**Exercise directions**. A verbatim transcript of the data below is required, images omitted.

== Source material ==

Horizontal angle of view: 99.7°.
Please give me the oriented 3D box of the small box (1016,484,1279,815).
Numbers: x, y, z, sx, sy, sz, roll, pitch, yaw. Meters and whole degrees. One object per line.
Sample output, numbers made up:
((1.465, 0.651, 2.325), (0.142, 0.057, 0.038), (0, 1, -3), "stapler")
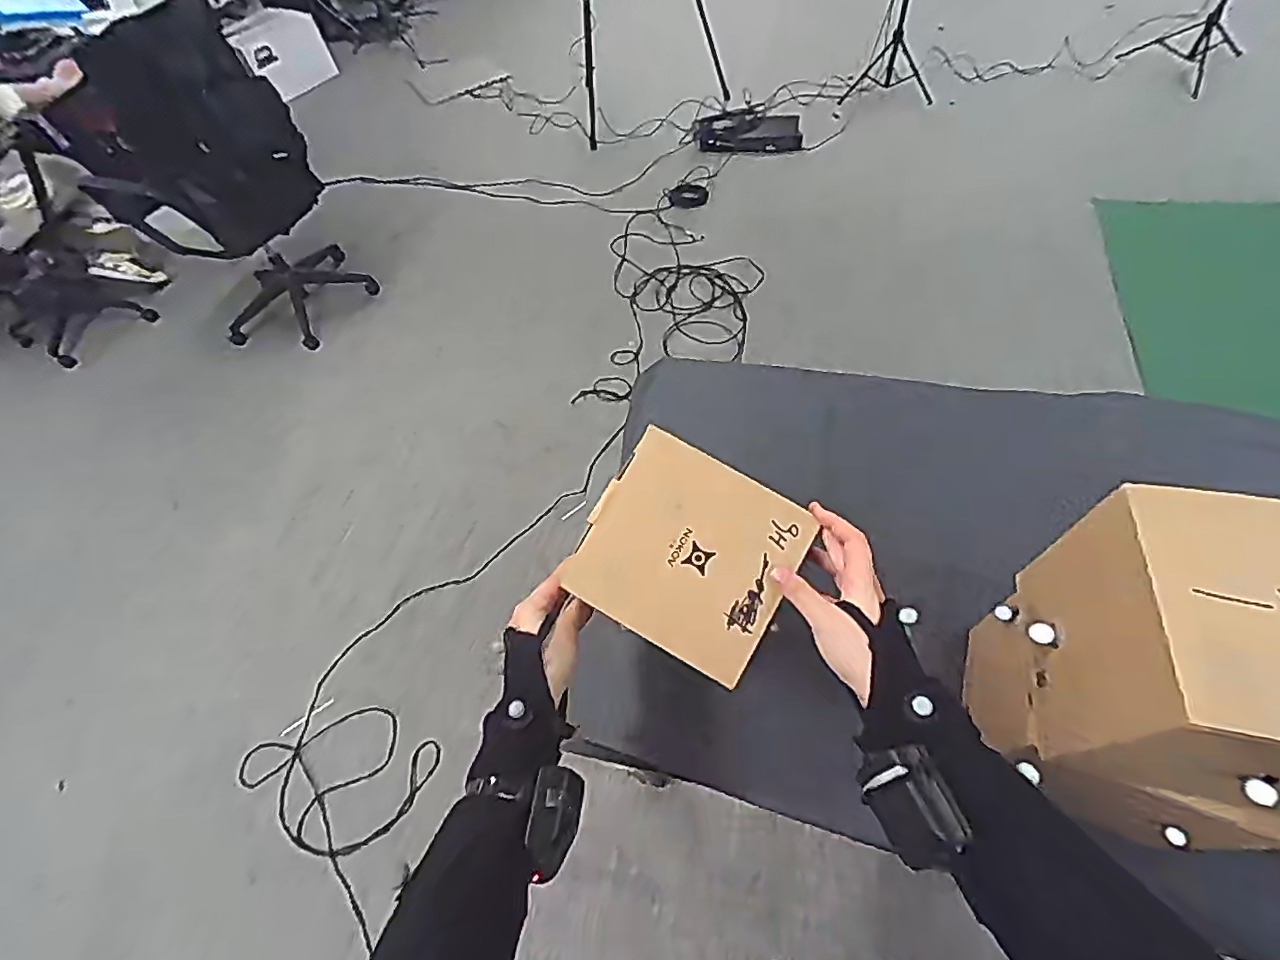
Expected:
((0.408, 0.125, 0.384), (0.179, 0.176, 0.168), (8, 58, 14), "small box")

===

**Solution for this problem**.
Horizontal angle of view: 99.7°.
Please give me the oriented 3D box of the small box (1016,484,1279,815).
Numbers: x, y, z, sx, sy, sz, roll, pitch, yaw. Meters and whole degrees. One object per line.
Sample output, numbers made up:
((1.465, 0.651, 2.325), (0.142, 0.057, 0.038), (0, 1, -3), "stapler")
Expected:
((0.408, 0.125, 0.384), (0.179, 0.176, 0.168), (8, 58, 14), "small box")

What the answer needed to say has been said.